Человек в картинках - Рэй Брэдбери 18 стр.


Саул почувствовал, как в нем подымается злоба. Лицо его исказилось.

— Вы слышали, что вам сказано!

— Как же быстро вы из друга превратились во врага, — заметил Марк.

Саул набросился на него. Удар был стремительный и точный.

Марк, смеясь, уклонился от него:

— Ничего у вас не получится!

Они стояли в центре Таймс-сквер. Мимо, гудя, проносились с грохотом машины. Небоскребы круто подымались в голубое, прозрачное небо.

— Это обман! — вскричал Саул, потрясенный увиденным. — Ради всего святого, Марк, не надо! Люди уже близко. Они убьют вас!

Марк сидел на тротуаре, радуясь своей шутке.

— Пускай подходят. Я их всех одурачу!

Нью-Йорк отвлек внимание Саула от Марка. Так и было задумано — переключить его внимание на святотатственную прелесть города, от которого он был отлучен столько месяцев. Вместо того чтобы снова напасть на Марка, он только стоял и впивал в себя далекую, но столь родную ему жизнь.

Он закрыл глаза:

— Нет.

И, падая, увлек за собой Марка. В его ушах захлебывались гудки автомобилей. Бешено скрипели тормоза. Он нанес удар Марку в подбородок.

Тишина.

Марк лежал на дне моря.

Взяв на руки потерявшего сознание Марка, Саул тяжело побежал к горам.

Нью — Йорк исчез. Осталось только нескончаемое молчание мертвого моря.

Со всех сторон к нему приближались люди. Со своей бесценной ношей он устремился к горам — он нес в своих руках Нью-Йорк, и зеленые пригороды, и ранние весны, и старых друзей. Один раз он упал, тут же вскочил и, не останавливаясь, продолжал свой бег.


Ночь царила в пещере. Ветер врывался в нее и устремлялся прочь, увлекая за собой пламя костерка, рассеивая золу.

Марк открыл глаза. Он был связан веревками и прислонен к стене пещеры напротив костерка.

Саул, по-кошачьи тревожно поглядывая на вход в пещеру, подложил в костер полено.

— Вы последний дурак. — Саул вздрогнул. — Да-да, — сказал Марк, — вы дурак. Они все равно найдут нас. Даже если им понадобятся для этого все шесть месяцев, они найдут нас. Они видели Нью-Йорк, на расстоянии, как мираж. И в центре него — нас. Надеяться на то, что это их не заинтересовало и что они не последуют за нами, бессмысленно.

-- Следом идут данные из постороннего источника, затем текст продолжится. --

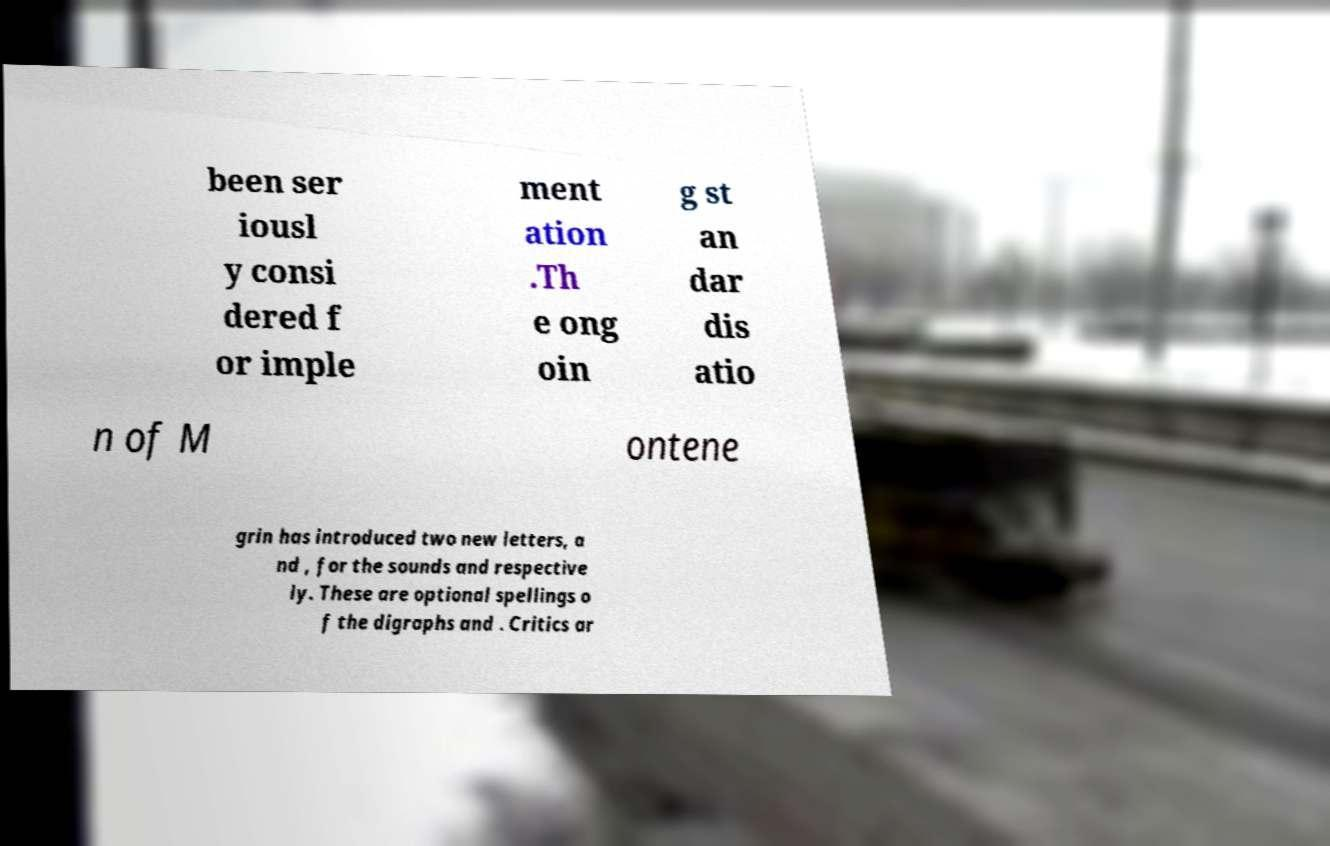Could you assist in decoding the text presented in this image and type it out clearly? been ser iousl y consi dered f or imple ment ation .Th e ong oin g st an dar dis atio n of M ontene grin has introduced two new letters, a nd , for the sounds and respective ly. These are optional spellings o f the digraphs and . Critics ar

— Тогда я с вами двинусь дальше, — глядя на огонь, сказал Саул.

— И они сделают то же.

— Заткнись!

Марк улыбнулся:

— Вы и со своей женой так разговариваете?

— Слышишь?

— О, прекрасный брачный союз — ваша жадность и мой талант. А теперь что бы вы хотели посмотреть? Хотите, я покажу вам кое-что еще из вашего детства?

Саул почувствовал пот у себя на лбу. Он не мог понять, шутит его пленник или нет.

— Да, — ответил он.

— Хорошо, — сказал Марк, — смотрите!

Скалы вдруг полыхнули огнем. Саул задохнулся от паров серы. Серные шахты взрывались вокруг, сотрясая стены пещеры. Вскочив на ноги, Саул закашлялся: обожженный, уничтоженный адским пламенем, он едва мог двигаться.

Ад исчез. Они снова были в пещере.

Марк хохотал.

Саул надвинулся на него.

— Ты… — произнес он, склоняясь над Марком.

— Чего еще вы хотели от меня? — воскликнул Марк. — Вы что, думаете, мне могло понравиться то, что вы утащили меня сюда, связали по рукам и ногам и превратили в невесту-интеллектуалку обезумевшего от одиночества человека?

— Я развяжу вас, если вы обещаете мне не убегать.

— Этого я не могу обещать. Я свободный человек. Я никому не принадлежу.

Саул опустился на колени:

— Но вы должны принадлежать, слышите? Вы должны принадлежать мне. Я не позволю вам уйти от меня!

— Дорогой мой человек, чем больше вы твердите подобные вещи, тем больше мы отдаляемся друг от друга. Имей вы разум и веди вы себя интеллигентно, мы давно были бы друзьями. Я бы с удовольствием доставлял вам ваши маленькие гипнотические радости. Мне, в конце концов, не составляет особого труда вызывать духов. Одна забава. Но вы все испортили. Вы захотели присвоить меня полностью. Вы побоялись, что другие отнимут меня у вас. О, как же вы ошибались. У меня хватит сил сделать их всех счастливыми. Вы могли бы поделиться мной с ними, как коммунальной кухней. Я же, творя добро, принося радости, чувствовал бы себя богом среди своих чад, а вы в ответ приносили бы мне подарки, лакомые кусочки со своего стола.

— Простите, простите меня! — вскричал Саул. — Но я слишком хорошо знаю этих людей.

— А вы, вы разве отличаетесь от них? Едва ли! Выйдите-ка да посмотрите, не идут ли они. Мне показалось, что я слышал какой-то шум.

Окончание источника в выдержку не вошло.